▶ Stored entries
__________
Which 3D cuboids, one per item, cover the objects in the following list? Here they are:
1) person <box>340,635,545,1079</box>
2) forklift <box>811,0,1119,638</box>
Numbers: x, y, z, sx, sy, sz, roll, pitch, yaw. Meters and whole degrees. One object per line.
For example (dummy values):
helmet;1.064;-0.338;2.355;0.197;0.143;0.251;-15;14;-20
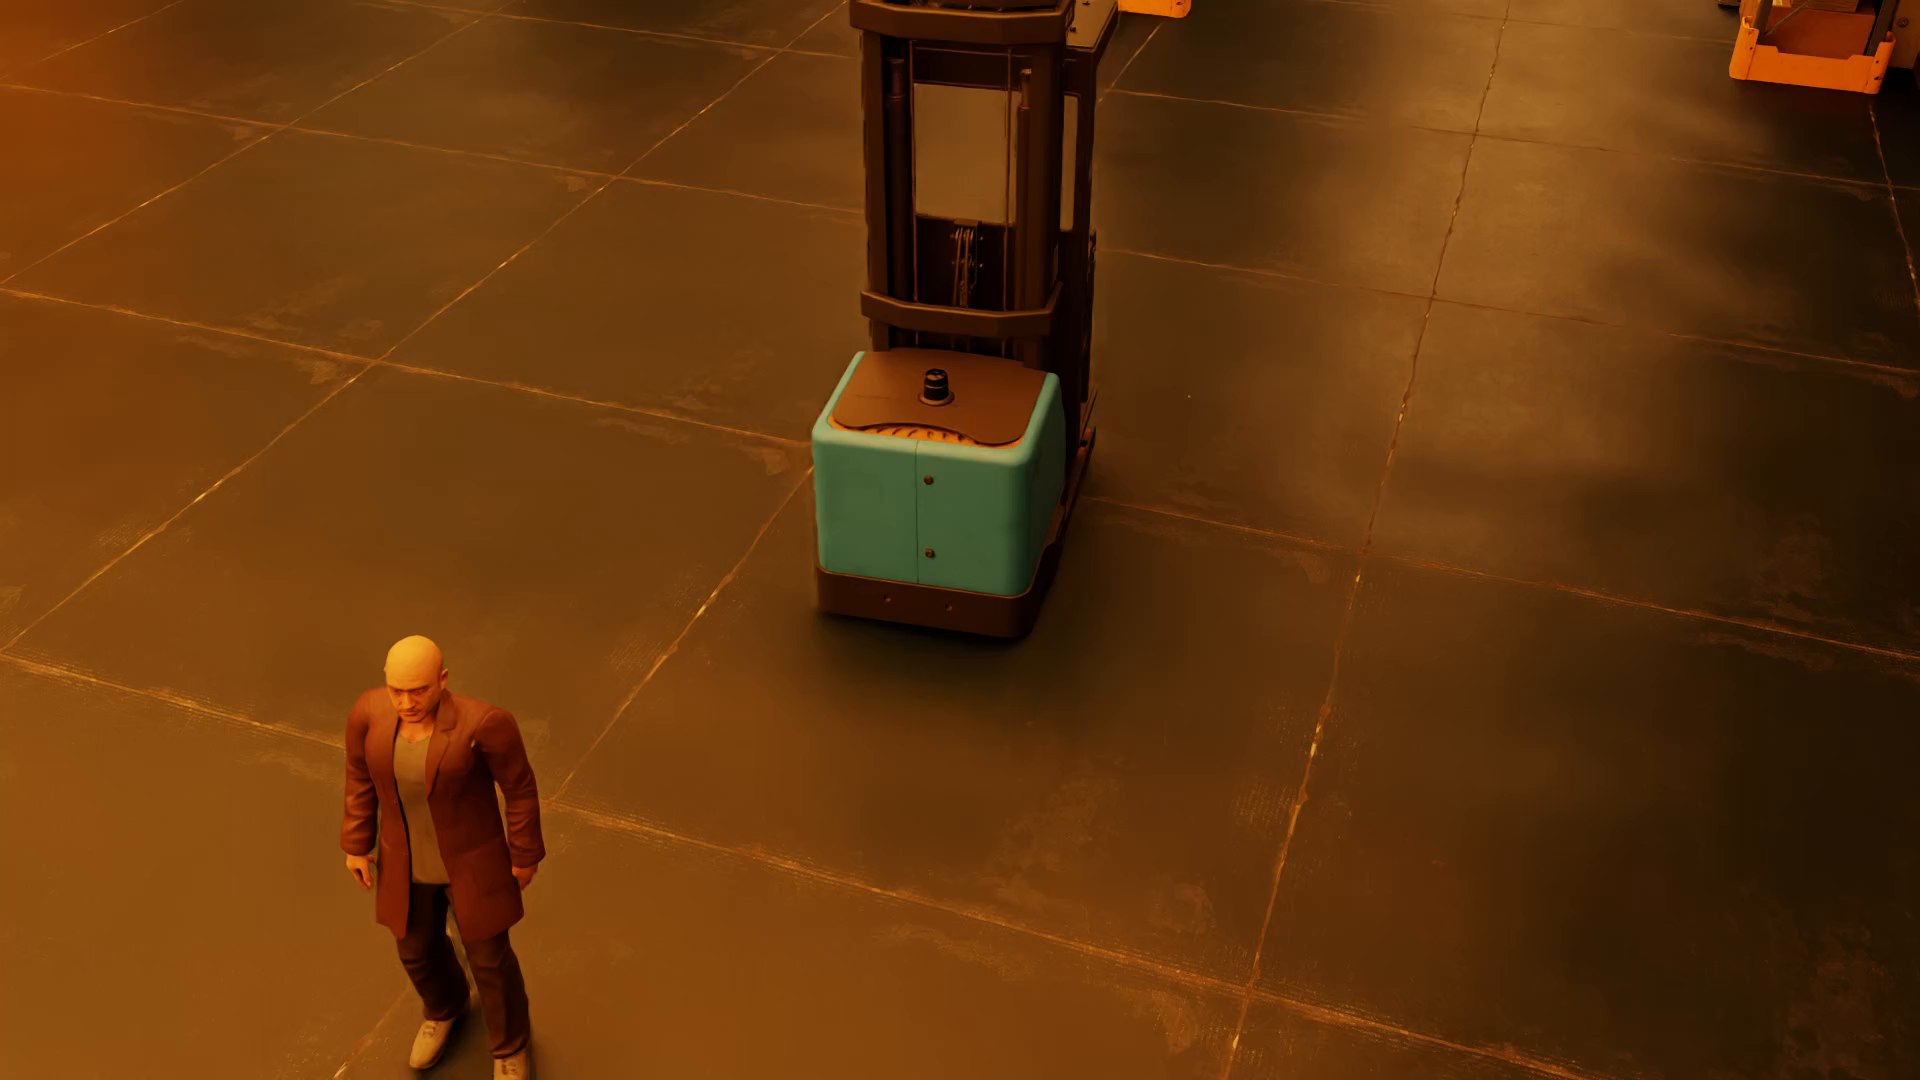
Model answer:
person;-1.748;1.118;5.560;0.681;1.803;0.511;5;36;6
forklift;0.138;-1.582;8.342;1.130;2.935;3.031;8;36;10
__________
▶ TASK DIRECTIONS
Repeat the entries verbatim; no pictures.

▶ EXPECTED ANSWER
Which 3D cuboids, one per item, cover the objects in the following list? Here they are:
1) person <box>340,635,545,1079</box>
2) forklift <box>811,0,1119,638</box>
Numbers: x, y, z, sx, sy, sz, roll, pitch, yaw. Meters and whole degrees. One object per line.
For example (dummy values):
helmet;1.064;-0.338;2.355;0.197;0.143;0.251;-15;14;-20
Model answer:
person;-1.748;1.118;5.560;0.681;1.803;0.511;5;36;6
forklift;0.138;-1.582;8.342;1.130;2.935;3.031;8;36;10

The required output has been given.